First Trimester (1-12 weeks)
The mother-to-be may be experiencing morning sickness or be feeling tired. This initial stage of pregnancy is where there is the most risk of miscarriage. Pilates is a safe exercise to perform, but the intensity needs to be lighter to avoid the body temperature and heart rate elevating too high, as this can increase the risk of miscarriage. Even in the first trimester, the amount of “sit up” abdominal exercises need to be reduced. Instead, focus more on T-zone activation and the pelvic floor muscles. Exercises like Bent Knee Fallouts and Lift Foot are great for this pelvic floor activation.
Second Trimester (13-26 weeks)
Throughout the second trimester, there are a series of positions and exercises which need to be avoided.
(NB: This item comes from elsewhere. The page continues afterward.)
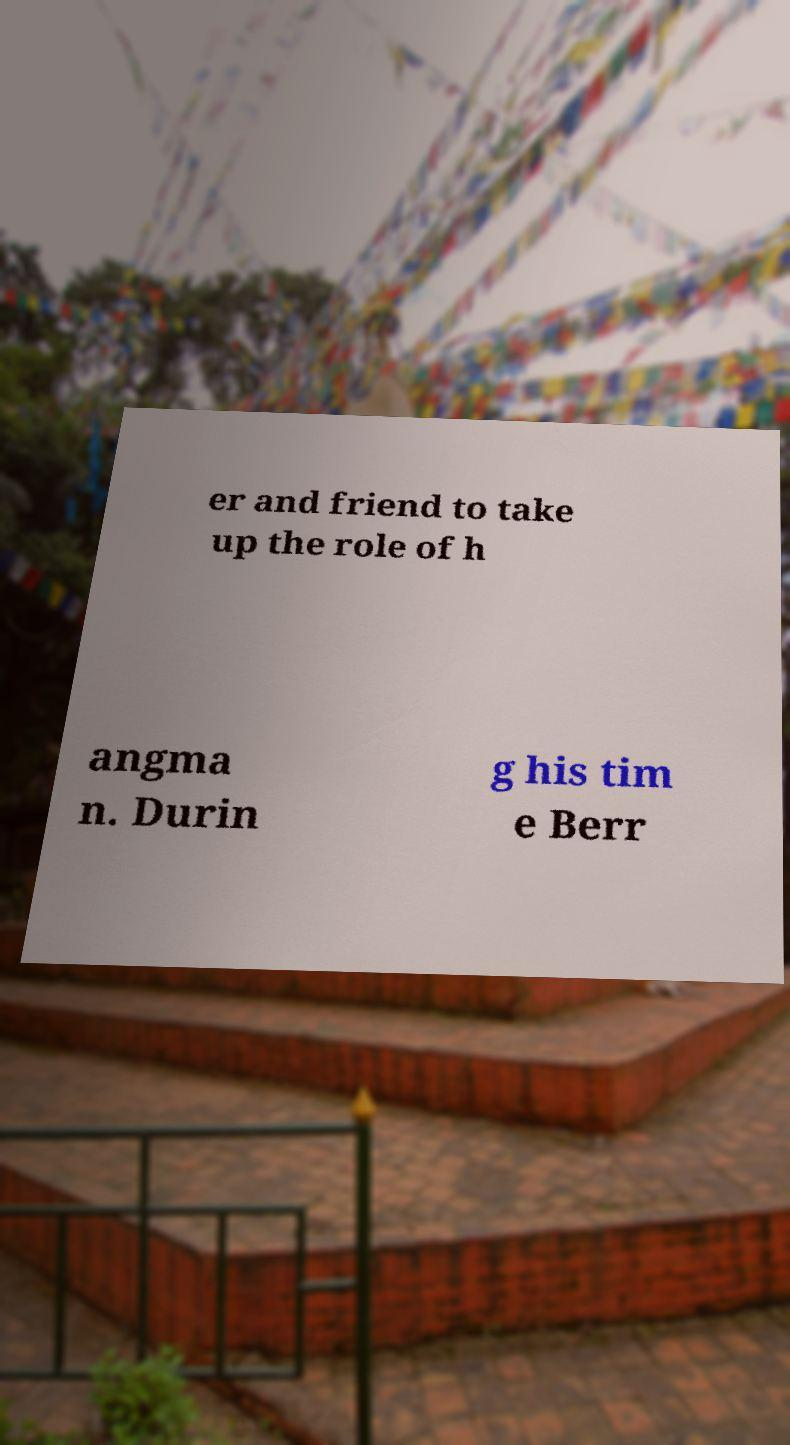Can you read and provide the text displayed in the image?This photo seems to have some interesting text. Can you extract and type it out for me? er and friend to take up the role of h angma n. Durin g his tim e Berr 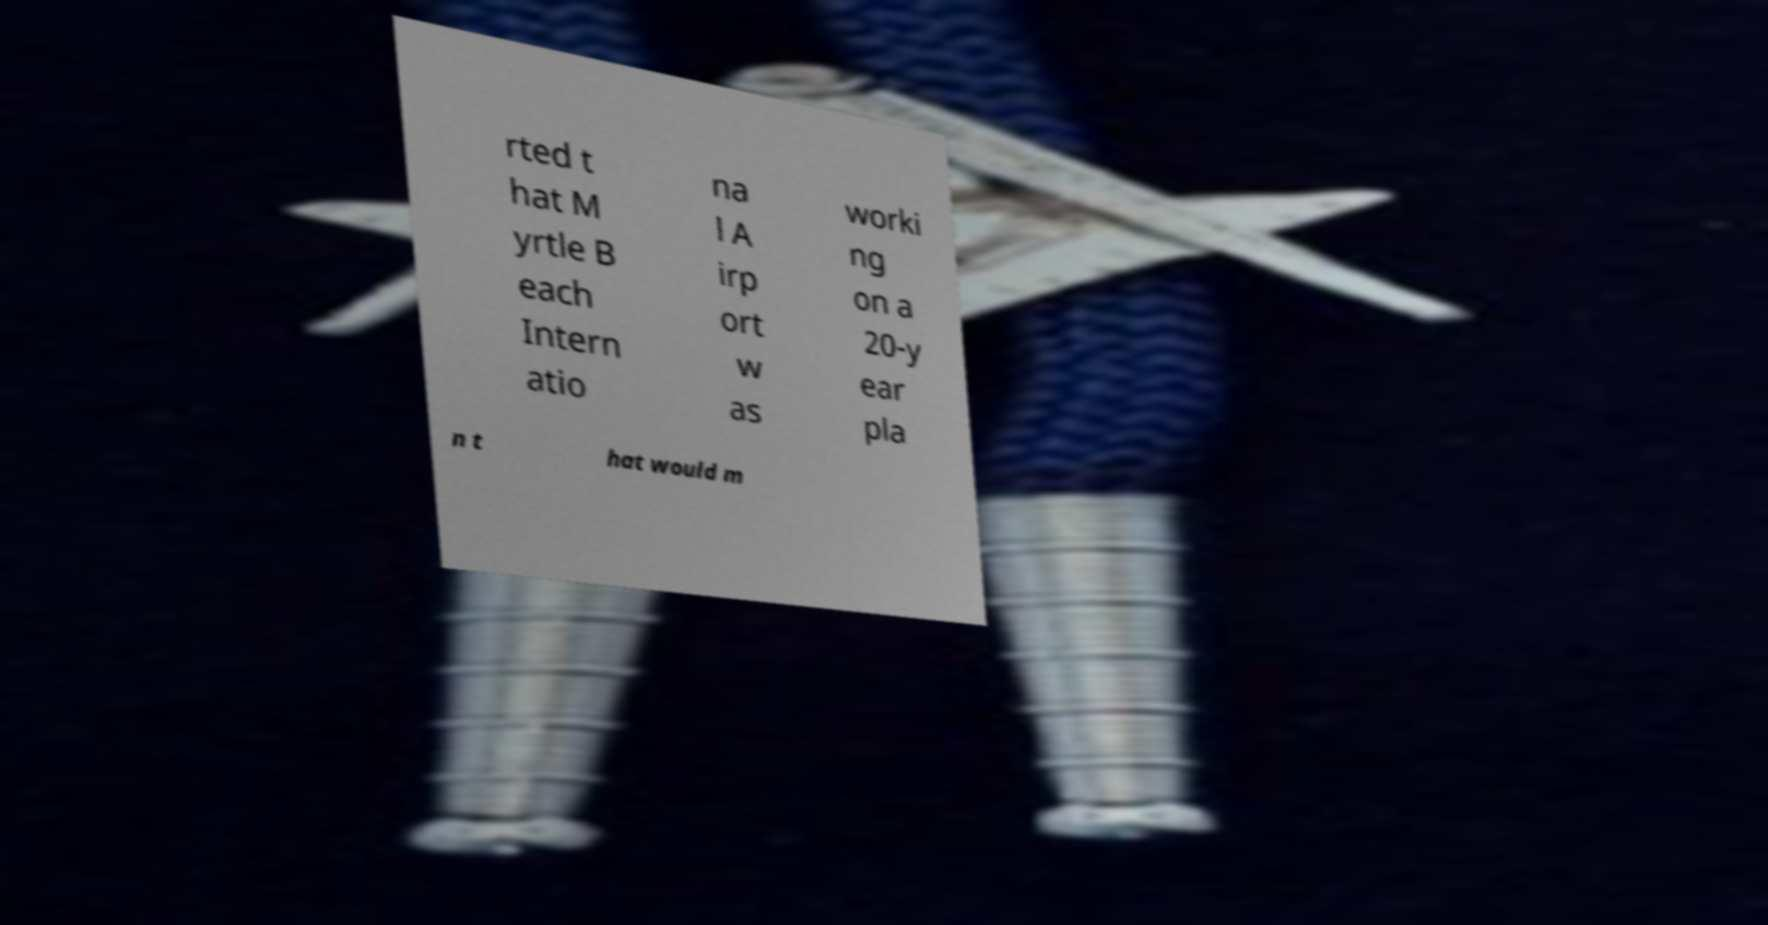I need the written content from this picture converted into text. Can you do that? rted t hat M yrtle B each Intern atio na l A irp ort w as worki ng on a 20-y ear pla n t hat would m

1. Avoid all abdominal work (except Double Leg Lift)
During pregnancy, we want to avoid strengthening the Rectus Abdominus. As the belly gets bigger, we don’t want the rectus to be tighter as it will stretch and can cause a rectus diastasis. For more on rectus diastasis, click here.
2. Avoid inner thigh work
We want to avoid inner thigh work because your adductors attach to your pubic symphysis (your pubic bone). When someone is in the advanced stages of pregnancy, their ligaments and joints become more lax. Many pregnant women experience some groin pain as the pubic bone starts to separate. Working the inner thighs when the pubic symphysis is already unstable can cause the pubic bone to separate even more.
3. Avoid prone positions (lying on the stomach)
At this stage of pregnancy, lying on the stomach becomes very uncomfortable as the baby is showing.
4. Avoid supine positions (lying on the back)
Supine positions are avoided at this stage as many women feel nauseous or dizzy lying in this position. This is because the baby can sit right on top of the main blood vessels as they exit the spine and cause less blood to pump through. This can not only make the mother feel dizzy, but can also be dangerous as less oxygen is passed to the baby.
Third Trimester (27 weeks to birth)
During the third trimester, the mother’s posture changes dramatically due to the baby’s increased growth. A lordosis-kyphosis posture becomes more evident. For Pilates, the second trimester guidelines continue; however now avoiding ALL abdominal exercises including avoiding Double Leg Lift, as well as inner thigh work, supine and prone positions.
Other recommendations for exercising when pregnant include:
- Maintain a moderate intensity due to the cardiac changes the body is already in an exercised state, therefore don’t want to increase heart rate too much
- Keep cool avoid hot, humid conditions, wear loose clothing, stand near fan or air-conditioner if in gym. As the baby is not able to regulate temperature.
- Stay hydrated drink lots of water even if swimming.
- Warm-up and cool-down well – due to circulatory changes the mother will need to warm-up and cool-down to avoid blood pooling and leg cramps.
- Avoid breastroke, unilateral exercises, wide lunge/stance positions as this can put extra stress on pelvis.
- Activate pelvic floor muscles during all exercises to keep as strong as possible, during the later stages may be harder to feel.
- Stop if feeling dizzy, nauseous, if vaginal bleeding or leakage of amniotic fluid.